Zsuzsa Bank, avec son premier roman, Le Nageur (2004), s’était vue encensée par la critique, aussi bien allemande que française. Bourgois publie aujourd’hui son deuxième livre, un recueil de nouvelles, une succession de brèves scènes de vie : douze récits qui tournent autour des mêmes thèmes – le départ, la séparation, l’absence. Les personnages, d’une nouvelle à l’autre, semblent interchangeables ; quand un texte parfois touche plus que le précédent, il reste noyé dans un flou généralisé ; bref, on reconnaît son écriture mais, sur le fond, on ne retrouve guère l’émotion qui frappait dans Le Nageur. L’unité de sens, recherchée, aurait pu être propice à une déclinaison variée d’histoires explorant le même vide, la même nostalgie du passé, selon des angles différents. Mais la longue litanie des personnages se contente d’égrener l’angoisse d’un temps impossible à rattraper.
Tout commence avec « Dernier dimanche » : dans une ville de l’Est, sinistre à souhait, une conférencière de passage retrouve certains membres de sa famille. Elle repart ensuite mais entame avec eux une correspondance, faite de petits riens. Jusqu’à ce que le silence retombe, comme si on lui volait pour la seconde fois des années depuis longtemps évanouies. Deuxième texte : Lydia, elle aussi, a quitté sa ville (son pays ?), direction Londres. Un jour, elle envoie une carte à son amie d’enfance, restée derrière elle : « Come to see – fall and me ». La jeune fille vient la retrouver, dans son petit appartement, intimidée. Pour constater ce qu’elle savait déjà : avec le temps passé, ce qui les liait a disparu. Viennent ensuite les longues journées d’une « Ere glaciaire » : chez Becky et ses deux enfants, Carola s’ennuie, coincée par la neige qui tombe, sans jamais s’arrêter. Christopher le mari, peste contre le temps. Carola compte les jours, les heures, avant de s’en aller.
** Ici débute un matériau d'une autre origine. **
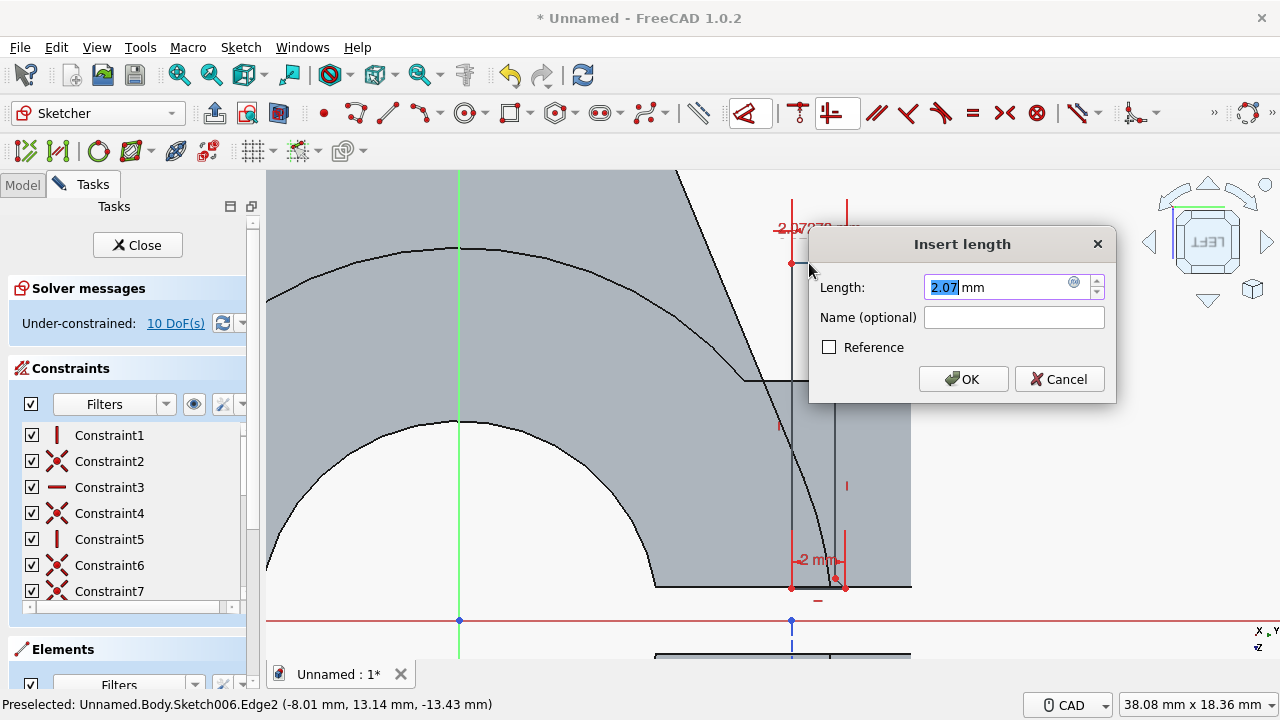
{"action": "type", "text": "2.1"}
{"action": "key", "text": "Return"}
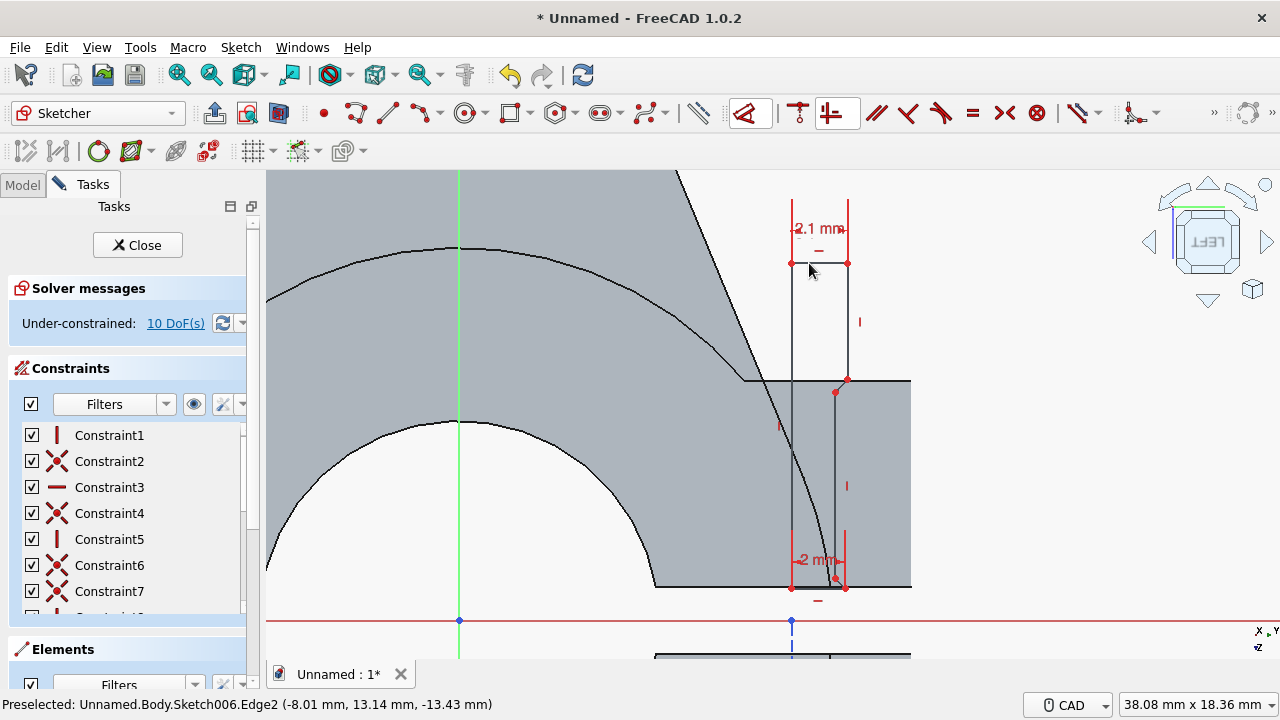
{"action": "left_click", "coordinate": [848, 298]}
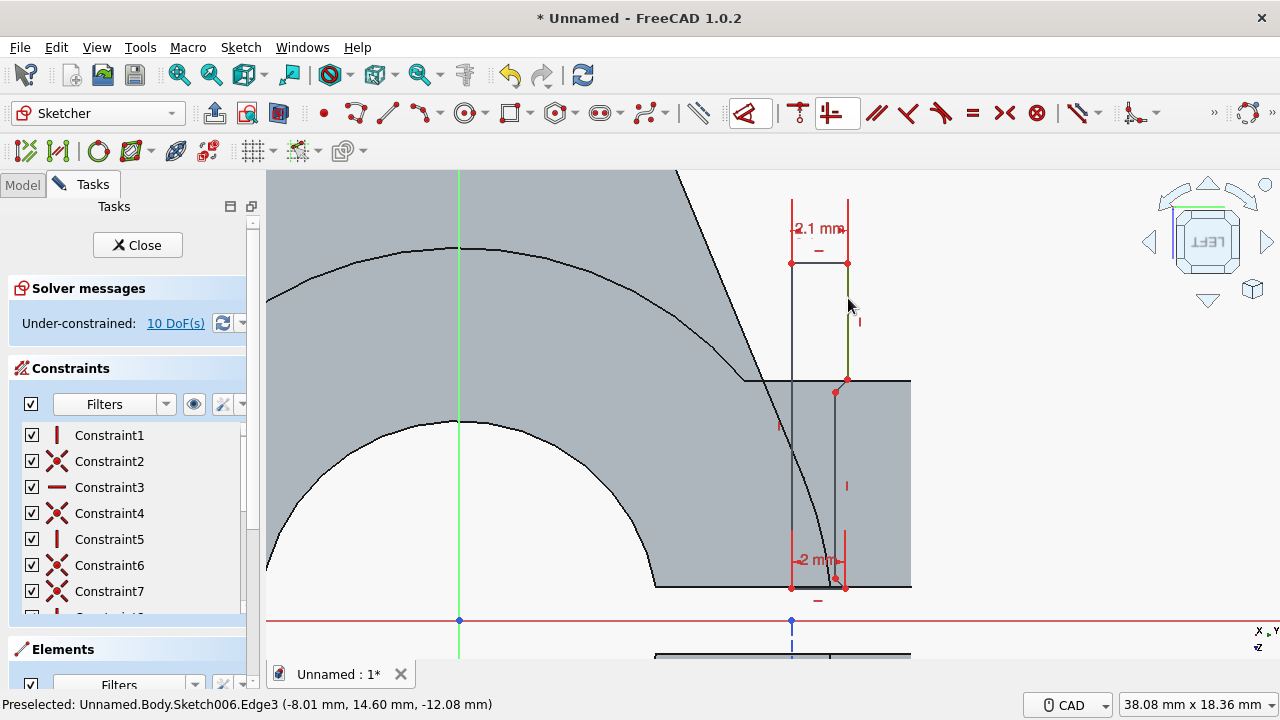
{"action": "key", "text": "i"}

Les scènes d’un quotidien triste se succèdent. Une femme rencontre sur un quai de tramway un homme qu’elle aurait préféré oublier. Deux femmes, encore, rendent visitent à une troisième, hospitalisée pour troubles mentaux. Autrefois amies, elles ne se revoient plus que pour ce rendez vous annuel de fin décembre, n’ont plus rien à se dire, sacrifient au rite. Ces histoires d’amitié, d’amour, le plus souvent féminines, tournent en rond. A trop manier l’ellipse, Zsuzsa Bank affadit ses textes, alors qu’on attend seulement qu’ils prennent vie. Parfois, on semble s’engager sur cette voie : dans « Bonheur », les deux jeunes femmes qui vivent ensemble dans leur deux-pièces de bord de mer, jusqu’à ce que l’une d’elle s’en aille et que tout s’écroule, auront au moins vécu quelque chose ; dans » L’été le plus chaud « , les souvenirs de Lisa, revenue en Italie sur les traces de sa famille laissent deviner une forme d’aboutissement. Mais ces moments sont rares.
Pour le reste, impossible de démêler les traces de cette absence, de ce mal de vivre. Eva, Julia, Sylvie, Alex, Carola sont les différentes faces d’un unique personnage, propre à s’illusionner, à plonger sans espoir de retour dans la mémoire d’une époque révolue. Zsuzsa Bank semble avoir voulu aller vers une épure, la plus parfaite possible ; le prix à payer est un vrai vide de sens.